LABORATORY #15: GENETICS LAB – Part One

Introduction

Genetics studies the mechanism by which traits are passed down from parent to offspring. This is known as inheritance. The modern Chromosomal Theory of Inheritance was started by the works of Gregor Mendel in 1866. Mendel’s work focused attention on the general patterns of inheritance and eventually led to an understanding of the role of chromosomes and DNA in inheritance. The realm of inheritance patterns is now known as Mendelian genetics.

Mendel’s most significant principle was the Principle of Segregation. It is the foundation of Mendelian genetics and it states that organisms get two genes for every trait. These genes come from the parents (one gene from each). During the production of gametes, these genes separate or segregate into separate cells. When the gametes unite to form a zygote, each gamete supplies one parental set of genes. The modern explanation of this principle states that genes for the same trait are on homologous chromosomes and that homologous chromosome pairs separate during meiosis – or the formation of gametes. The homologous chromosomes become a pair again during gamete fusion or fertilization.

Mendelian genetic problems require the knowledge of certain definitions. These definitions are listed for you below:

  1. Genotype – the genetic makeup of the trait
  2. Phenotype – the physical or biochemical manifestation of the genotype
  3. Allele –the different forms of a gene for a specific trait. Each parent contributes one allele. The two alleles combine to form the genotype for that trait. Letters are given to denote the allele

e.g. E = earlobe attachment

  1. Dominant and Recessive Alleles – the types of gene forms found. Alleles are described as dominant, recessive, codominant or partial.Dominant alleles completely “overshadow” the expression of the recessive alleles. Therefore the phenotype observed is controlled by the dominant allele. A dominant allele is denoted with a capital letter, the recessive allele with a lowercase letter. Codominant alleles and partially dominant alleles do not completely hide the phenotype of the recessive allele. Another word for codominant alleles is blending
  2. Homozygous – the two alleles are of the same form – e.g. EE or ee. Homozygous is another way of reporting the genotype of an individual. You may either be homozygous dominant or homozygous recessive
  3. Heterozygous– the two alleles are of different forms – e.g. Ee. Heterozygous is another way of reporting the genotype of an individual

Mendelian Genetics Problems

Complete all genetics problems in your lab notebook. Be sure to show your work.

  1. Probability problems:

Many genetics problems predict the likelihood that certain events will occur. This is done using probability. Probability values range from zero (event is impossible) to one (event is certain to occur). The probability of an event occurring is sometimes stated in advance of the nature of the event (apriori). This includes many types of genetic problems.

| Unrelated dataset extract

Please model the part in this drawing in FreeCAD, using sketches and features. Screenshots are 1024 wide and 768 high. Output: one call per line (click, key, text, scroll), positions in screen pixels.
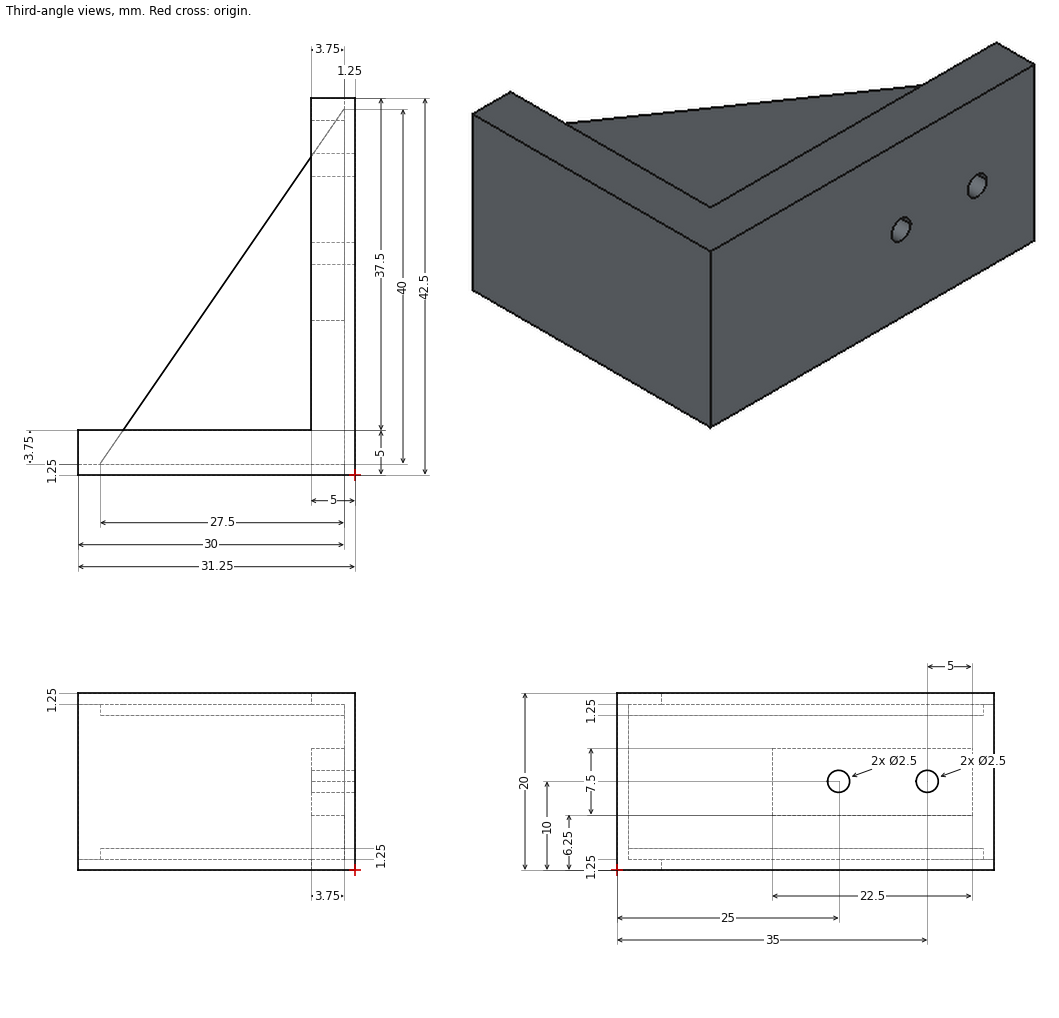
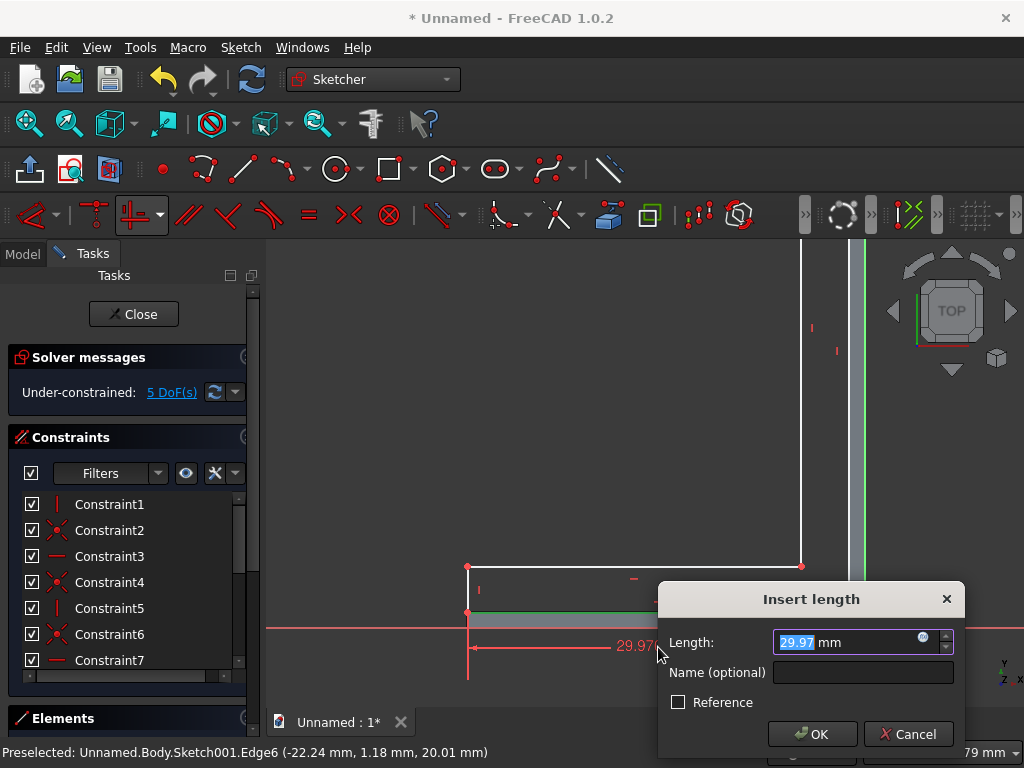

To calculate the probability of an event, you must divide the expected frequency for that event by the total frequencies for all possible events. Furthermore, there are two rules of probability. The Product Rule states that the probability of two or more independent events occurring together (i.e. “this and that”) is the product of their independent probabilities. The formula for the product rule is:

P(E*F) = P(E) * P(F)

where P is the probability, E and F are the events that can occur and they can occur at the same time because the probability of E occurring has nothing to do with the probability of F occurring. For example, when picking cards from a deck of 52 cards, the probability of getting an ace is 4/52 = 1/13, because there are 4 aces among the 52 cards. The probability of picking a heart is 13/52 = 1/4. The probability of picking the ace AND it being a heart is 1/4*1/13 =1/52.
The other is the Sum Rule which states that the probability of one of two mutually exclusive events (i.e. “either or” events) occurring is the sum of their individual probabilities. The formula for the sum rule is:

P(A+B) = P(A) + P(B)

where P is the probability, A and B are the events that can occur but A and B cannot occur simultaneously. For example, you want to calculate the probability of a person walking into a room being a student or a teacher. The two cannot walk into the room at the same time. Soif the probability of a student walking into a room is 0.8 (P(A) = 0.8) and the probability of a teacher walking in is 0.1 (P(B) = 0.1), then the probability of the person walking into the room being either a teacher OR a student is 0.8 + 0.1 = 0.9.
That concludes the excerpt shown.